I think that's akin to evaluating evidence in a case. Of course there are some types of evidence that carry more weight than others and some can totally make or break a determination of guilt. But most evidence isn't like that. Most is sort of ambiguous or not that damning in isolation, but it's when you start looking at it together that it starts to make a pretty compelling picture.

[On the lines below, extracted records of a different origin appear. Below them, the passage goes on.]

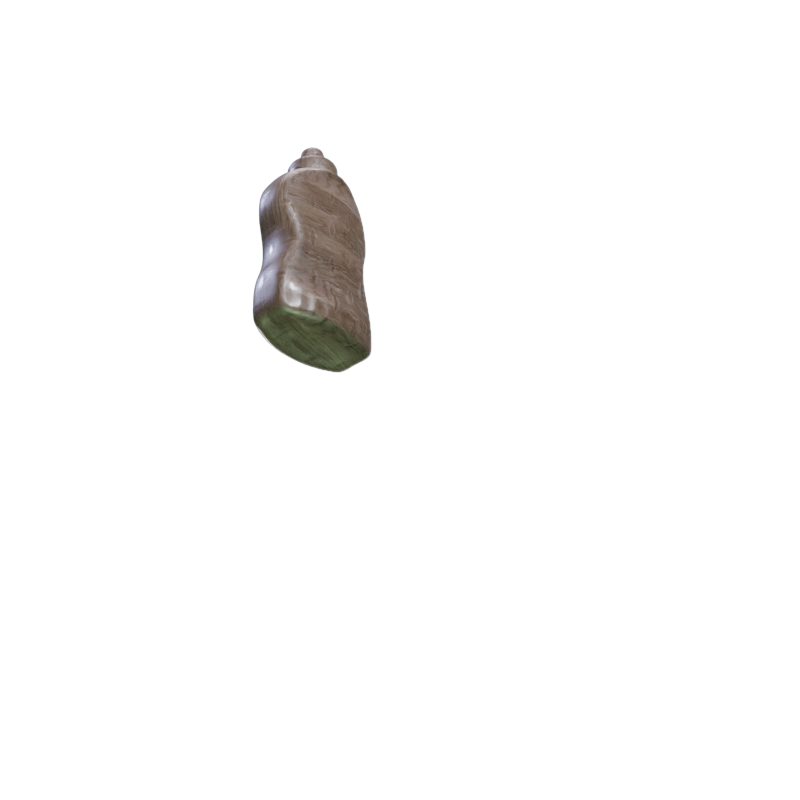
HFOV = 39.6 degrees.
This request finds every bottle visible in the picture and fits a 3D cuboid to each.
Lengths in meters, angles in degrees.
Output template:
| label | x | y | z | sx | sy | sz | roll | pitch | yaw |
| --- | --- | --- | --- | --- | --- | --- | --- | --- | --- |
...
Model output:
| label | x | y | z | sx | sy | sz | roll | pitch | yaw |
| --- | --- | --- | --- | --- | --- | --- | --- | --- | --- |
| bottle | -0.067 | -0.122 | 0.856 | 0.090 | 0.205 | 0.058 | 29 | -47 | -35 |
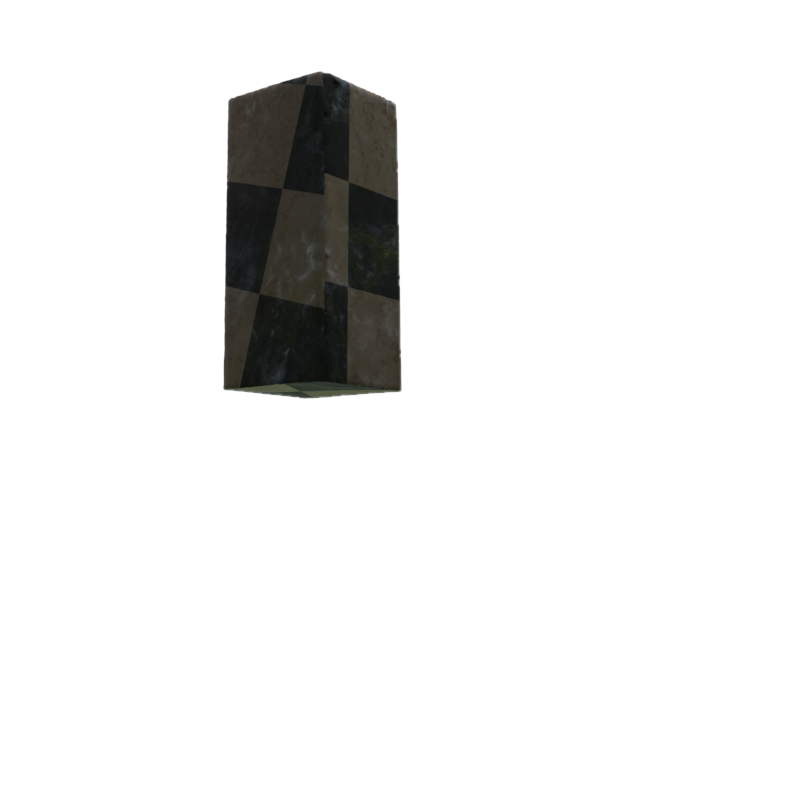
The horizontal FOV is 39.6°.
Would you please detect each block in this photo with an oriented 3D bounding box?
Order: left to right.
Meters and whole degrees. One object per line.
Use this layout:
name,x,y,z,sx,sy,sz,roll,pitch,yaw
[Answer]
block,-0.060,-0.110,0.770,0.092,0.212,0.086,-9,-14,36
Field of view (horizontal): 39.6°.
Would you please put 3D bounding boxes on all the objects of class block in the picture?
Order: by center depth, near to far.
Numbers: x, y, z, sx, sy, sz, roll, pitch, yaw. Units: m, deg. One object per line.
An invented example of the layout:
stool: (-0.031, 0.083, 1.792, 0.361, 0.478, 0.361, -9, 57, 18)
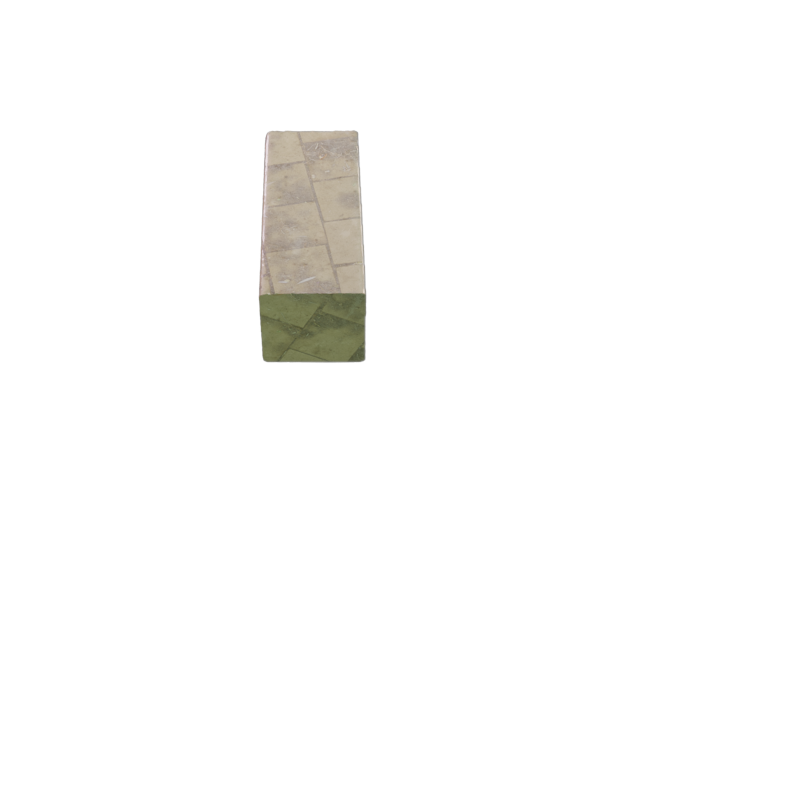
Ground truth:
block: (-0.078, -0.142, 0.993, 0.090, 0.221, 0.084, -1, -41, -2)
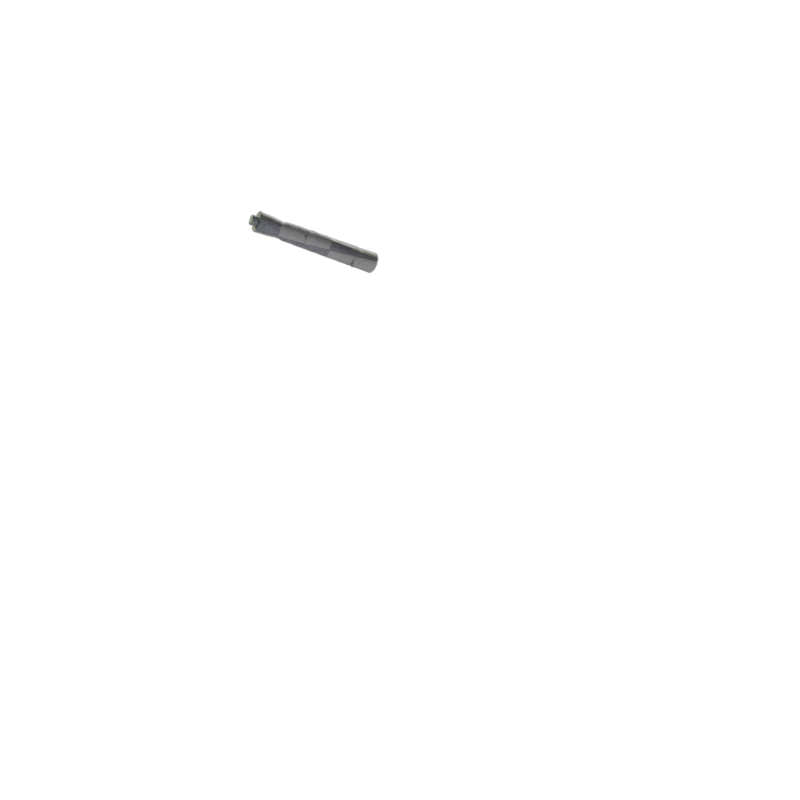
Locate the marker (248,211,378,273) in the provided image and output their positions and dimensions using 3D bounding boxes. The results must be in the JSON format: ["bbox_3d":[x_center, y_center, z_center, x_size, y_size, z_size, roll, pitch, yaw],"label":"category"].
[{"bbox_3d":[-0.075,-0.137,0.961,0.116,0.020,0.020,17,-3,-21],"label":"marker"}]
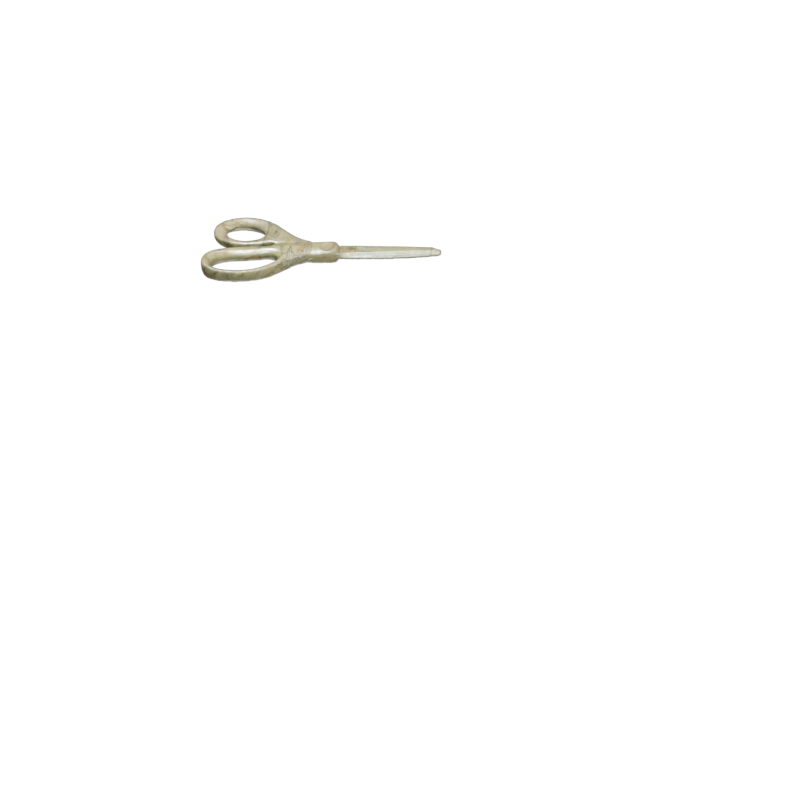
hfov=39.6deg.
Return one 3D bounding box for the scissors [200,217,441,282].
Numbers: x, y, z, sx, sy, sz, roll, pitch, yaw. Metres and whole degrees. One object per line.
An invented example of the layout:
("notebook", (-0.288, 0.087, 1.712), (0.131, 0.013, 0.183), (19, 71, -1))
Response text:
("scissors", (-0.075, -0.137, 0.962), (0.199, 0.015, 0.104), (-10, 39, -13))
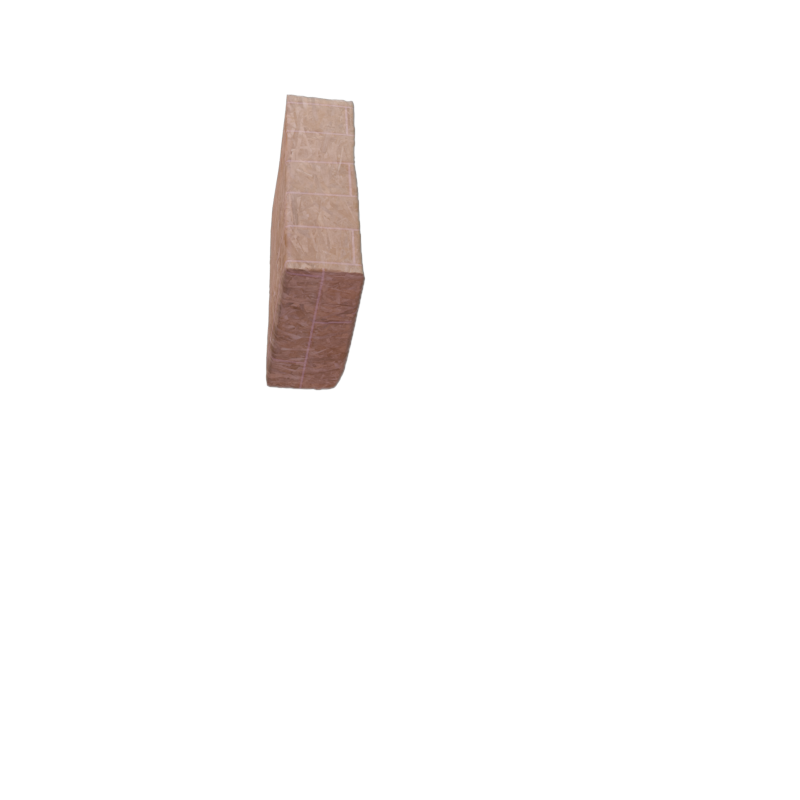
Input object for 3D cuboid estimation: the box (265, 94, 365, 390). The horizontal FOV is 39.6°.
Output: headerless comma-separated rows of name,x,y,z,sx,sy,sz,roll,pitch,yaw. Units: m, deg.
box,-0.078,-0.142,0.994,0.071,0.229,0.154,4,-39,-9
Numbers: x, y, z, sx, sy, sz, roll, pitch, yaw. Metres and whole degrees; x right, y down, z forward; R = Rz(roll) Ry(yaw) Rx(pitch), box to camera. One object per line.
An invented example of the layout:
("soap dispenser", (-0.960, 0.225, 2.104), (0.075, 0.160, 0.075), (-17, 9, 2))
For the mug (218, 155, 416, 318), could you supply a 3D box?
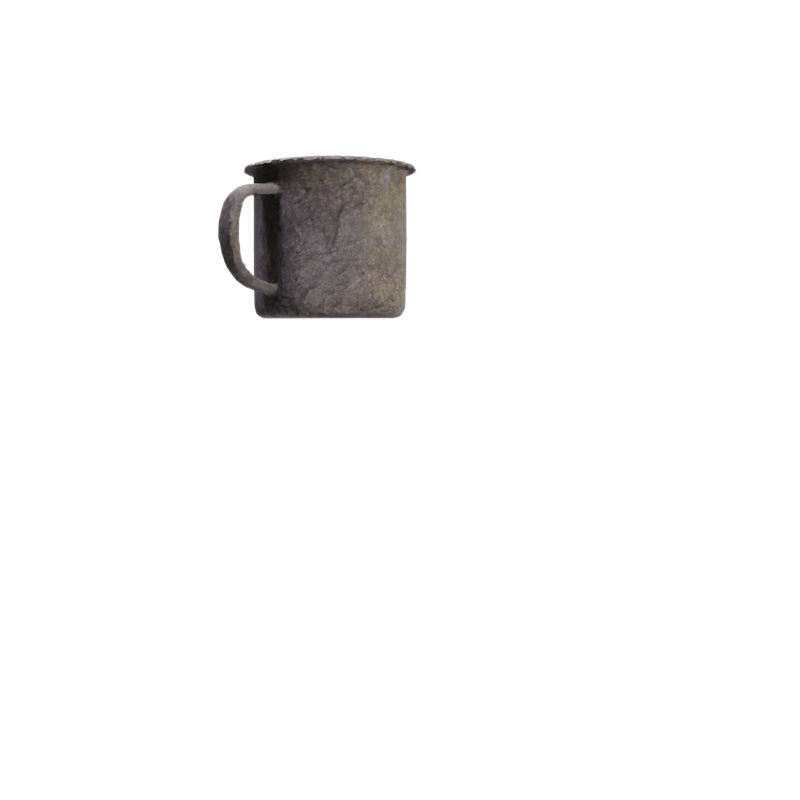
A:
("mug", (-0.046, -0.084, 0.590), (0.112, 0.082, 0.097), (-1, 1, -45))
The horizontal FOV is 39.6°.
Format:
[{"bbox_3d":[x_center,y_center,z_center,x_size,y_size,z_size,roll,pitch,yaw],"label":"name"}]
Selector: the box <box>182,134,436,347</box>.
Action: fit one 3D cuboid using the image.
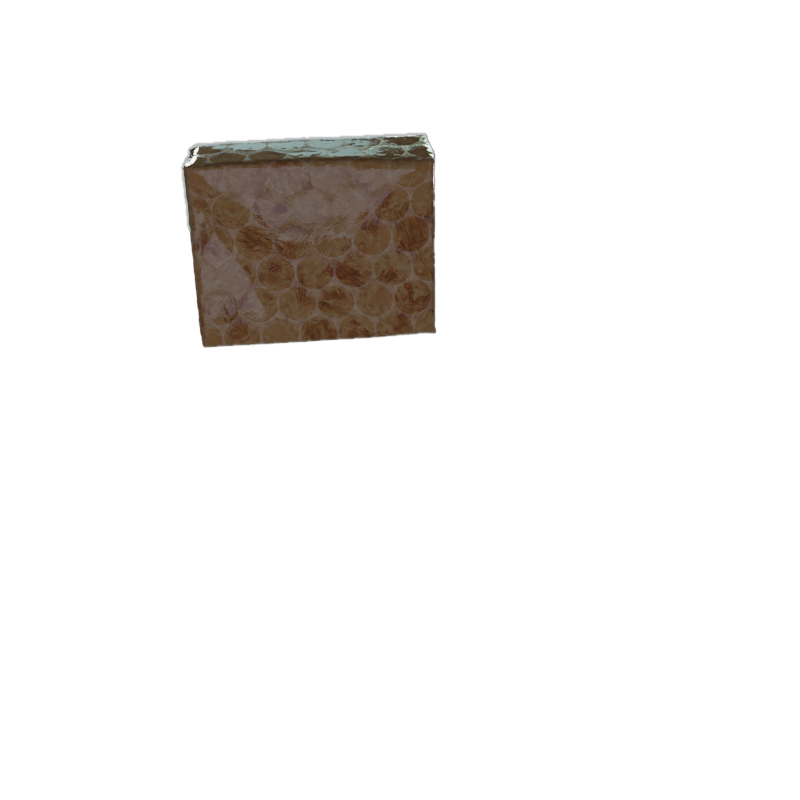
[{"bbox_3d":[-0.040,-0.074,0.515,0.113,0.085,0.041,-2,24,0],"label":"box"}]

I think that's why some of us went cold when the Mosler registration was found in JW's backpack along with his passport. Some of us already suspected that the car might be the some sort of key to the puzzle. You have a "racer", one who has said the car is worth $700k and has posted pictures of the car in his SM. You have not just a racer, but a "broke racer" whose big hurdle is not having enough money to race. You have a new hire who was fired from his last job. You have a guy who is hired to drive people around and run errands, while someone else, a REAL retired racer, not many years older than this guy, is hired to coach a 10-year-old to race. You have some lies to the police. Some calls from within the crime scene to this same individual. A text to the wife who is presumably in the hospital to go to her house because it's on fire. An unreturned phone call from his boss for whom $40K has been left in the garage. Someone who sounds a lot like him driving the porsche "erratically". You have a car that is torched and ditched near where the guy's father used to live. Which also happens to be where the main suspect lived. A main suspect caught in a caravan involving a "moving garage" that can't normally be rented as a one-off. A main suspect who fled back toward the scene of the crime, maybe to get something. You have a backpack with a registration for a certain car that the guy believes is worth $700K.
A piece here and there, and pretty soon you have a good story.
Your post is clear & concise... my brain processing is all over the place, but you stated it all clearly & succinctly- the best summary of the facts. & I Thank YOU for the post Skigirl!